Saved data entries:

*****

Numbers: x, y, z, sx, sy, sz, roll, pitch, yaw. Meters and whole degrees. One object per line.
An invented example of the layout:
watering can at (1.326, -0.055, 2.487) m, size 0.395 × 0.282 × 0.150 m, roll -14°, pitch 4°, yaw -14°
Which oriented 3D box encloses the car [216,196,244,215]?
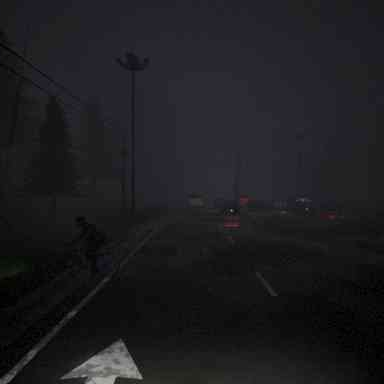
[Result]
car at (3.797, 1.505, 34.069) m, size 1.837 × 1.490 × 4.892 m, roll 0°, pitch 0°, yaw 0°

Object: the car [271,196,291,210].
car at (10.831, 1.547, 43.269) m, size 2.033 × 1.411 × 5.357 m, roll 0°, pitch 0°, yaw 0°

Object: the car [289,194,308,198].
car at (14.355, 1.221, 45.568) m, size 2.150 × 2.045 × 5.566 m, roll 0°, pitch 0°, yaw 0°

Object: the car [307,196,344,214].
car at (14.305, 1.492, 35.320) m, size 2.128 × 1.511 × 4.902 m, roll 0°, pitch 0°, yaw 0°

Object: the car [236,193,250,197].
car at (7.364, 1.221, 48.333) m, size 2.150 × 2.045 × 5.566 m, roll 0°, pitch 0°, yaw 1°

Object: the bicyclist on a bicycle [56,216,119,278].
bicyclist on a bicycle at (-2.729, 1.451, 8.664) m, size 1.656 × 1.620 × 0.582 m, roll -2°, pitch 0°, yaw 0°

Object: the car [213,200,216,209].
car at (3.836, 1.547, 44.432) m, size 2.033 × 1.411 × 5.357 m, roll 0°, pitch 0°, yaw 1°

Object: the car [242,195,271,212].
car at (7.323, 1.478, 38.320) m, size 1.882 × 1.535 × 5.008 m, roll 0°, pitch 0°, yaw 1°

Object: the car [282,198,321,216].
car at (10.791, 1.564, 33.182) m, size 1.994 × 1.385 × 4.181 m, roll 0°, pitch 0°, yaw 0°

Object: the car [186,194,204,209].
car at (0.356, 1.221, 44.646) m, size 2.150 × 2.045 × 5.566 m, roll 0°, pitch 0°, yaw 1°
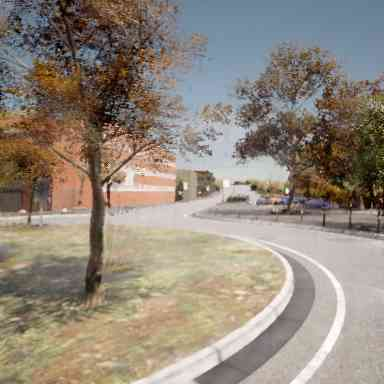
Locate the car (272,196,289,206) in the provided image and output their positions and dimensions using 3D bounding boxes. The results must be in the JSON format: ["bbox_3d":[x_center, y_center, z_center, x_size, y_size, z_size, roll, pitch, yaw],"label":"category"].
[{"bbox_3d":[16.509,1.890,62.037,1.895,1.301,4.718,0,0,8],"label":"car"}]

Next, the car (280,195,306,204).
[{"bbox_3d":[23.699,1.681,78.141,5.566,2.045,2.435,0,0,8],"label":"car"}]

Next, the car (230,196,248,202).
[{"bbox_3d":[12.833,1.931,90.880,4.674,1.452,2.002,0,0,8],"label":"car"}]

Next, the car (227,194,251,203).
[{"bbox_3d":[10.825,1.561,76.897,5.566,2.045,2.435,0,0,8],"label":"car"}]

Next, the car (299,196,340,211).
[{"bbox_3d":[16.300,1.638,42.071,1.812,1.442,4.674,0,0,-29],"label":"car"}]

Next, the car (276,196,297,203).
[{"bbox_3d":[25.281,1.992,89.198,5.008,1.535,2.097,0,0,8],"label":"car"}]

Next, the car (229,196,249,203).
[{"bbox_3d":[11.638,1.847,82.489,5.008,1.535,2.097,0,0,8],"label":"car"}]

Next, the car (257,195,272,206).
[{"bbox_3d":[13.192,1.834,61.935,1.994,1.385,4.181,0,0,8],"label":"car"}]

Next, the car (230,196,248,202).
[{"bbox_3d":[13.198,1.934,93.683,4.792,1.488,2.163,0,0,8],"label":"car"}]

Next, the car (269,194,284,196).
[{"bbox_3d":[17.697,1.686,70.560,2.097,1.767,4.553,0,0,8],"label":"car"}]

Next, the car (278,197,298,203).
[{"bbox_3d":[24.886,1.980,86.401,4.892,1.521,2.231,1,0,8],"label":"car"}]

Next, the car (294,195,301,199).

*****

:: What needs to be done ::
Except for the pictures, copy every line of the records above exactly.

:: Expected answer ::
Numbers: x, y, z, sx, sy, sz, roll, pitch, yaw. Meters and whole degrees. One object per line.
An invented example of the layout:
watering can at (1.326, -0.055, 2.487) m, size 0.395 × 0.282 × 0.150 m, roll -14°, pitch 4°, yaw -14°
Which oriented 3D box encloses the car [216,196,244,215]?
[Result]
car at (3.797, 1.505, 34.069) m, size 1.837 × 1.490 × 4.892 m, roll 0°, pitch 0°, yaw 0°

Object: the car [271,196,291,210].
car at (10.831, 1.547, 43.269) m, size 2.033 × 1.411 × 5.357 m, roll 0°, pitch 0°, yaw 0°

Object: the car [289,194,308,198].
car at (14.355, 1.221, 45.568) m, size 2.150 × 2.045 × 5.566 m, roll 0°, pitch 0°, yaw 0°

Object: the car [307,196,344,214].
car at (14.305, 1.492, 35.320) m, size 2.128 × 1.511 × 4.902 m, roll 0°, pitch 0°, yaw 0°

Object: the car [236,193,250,197].
car at (7.364, 1.221, 48.333) m, size 2.150 × 2.045 × 5.566 m, roll 0°, pitch 0°, yaw 1°

Object: the bicyclist on a bicycle [56,216,119,278].
bicyclist on a bicycle at (-2.729, 1.451, 8.664) m, size 1.656 × 1.620 × 0.582 m, roll -2°, pitch 0°, yaw 0°

Object: the car [213,200,216,209].
car at (3.836, 1.547, 44.432) m, size 2.033 × 1.411 × 5.357 m, roll 0°, pitch 0°, yaw 1°

Object: the car [242,195,271,212].
car at (7.323, 1.478, 38.320) m, size 1.882 × 1.535 × 5.008 m, roll 0°, pitch 0°, yaw 1°

Object: the car [282,198,321,216].
car at (10.791, 1.564, 33.182) m, size 1.994 × 1.385 × 4.181 m, roll 0°, pitch 0°, yaw 0°

Object: the car [186,194,204,209].
car at (0.356, 1.221, 44.646) m, size 2.150 × 2.045 × 5.566 m, roll 0°, pitch 0°, yaw 1°
Locate the car (272,196,289,206) in the provided image and output their positions and dimensions using 3D bounding boxes. The results must be in the JSON format: ["bbox_3d":[x_center, y_center, z_center, x_size, y_size, z_size, roll, pitch, yaw],"label":"category"].
[{"bbox_3d":[16.509,1.890,62.037,1.895,1.301,4.718,0,0,8],"label":"car"}]

Next, the car (280,195,306,204).
[{"bbox_3d":[23.699,1.681,78.141,5.566,2.045,2.435,0,0,8],"label":"car"}]

Next, the car (230,196,248,202).
[{"bbox_3d":[12.833,1.931,90.880,4.674,1.452,2.002,0,0,8],"label":"car"}]

Next, the car (227,194,251,203).
[{"bbox_3d":[10.825,1.561,76.897,5.566,2.045,2.435,0,0,8],"label":"car"}]

Next, the car (299,196,340,211).
[{"bbox_3d":[16.300,1.638,42.071,1.812,1.442,4.674,0,0,-29],"label":"car"}]

Next, the car (276,196,297,203).
[{"bbox_3d":[25.281,1.992,89.198,5.008,1.535,2.097,0,0,8],"label":"car"}]

Next, the car (229,196,249,203).
[{"bbox_3d":[11.638,1.847,82.489,5.008,1.535,2.097,0,0,8],"label":"car"}]

Next, the car (257,195,272,206).
[{"bbox_3d":[13.192,1.834,61.935,1.994,1.385,4.181,0,0,8],"label":"car"}]

Next, the car (230,196,248,202).
[{"bbox_3d":[13.198,1.934,93.683,4.792,1.488,2.163,0,0,8],"label":"car"}]

Next, the car (269,194,284,196).
[{"bbox_3d":[17.697,1.686,70.560,2.097,1.767,4.553,0,0,8],"label":"car"}]

Next, the car (278,197,298,203).
[{"bbox_3d":[24.886,1.980,86.401,4.892,1.521,2.231,1,0,8],"label":"car"}]

Next, the car (294,195,301,199).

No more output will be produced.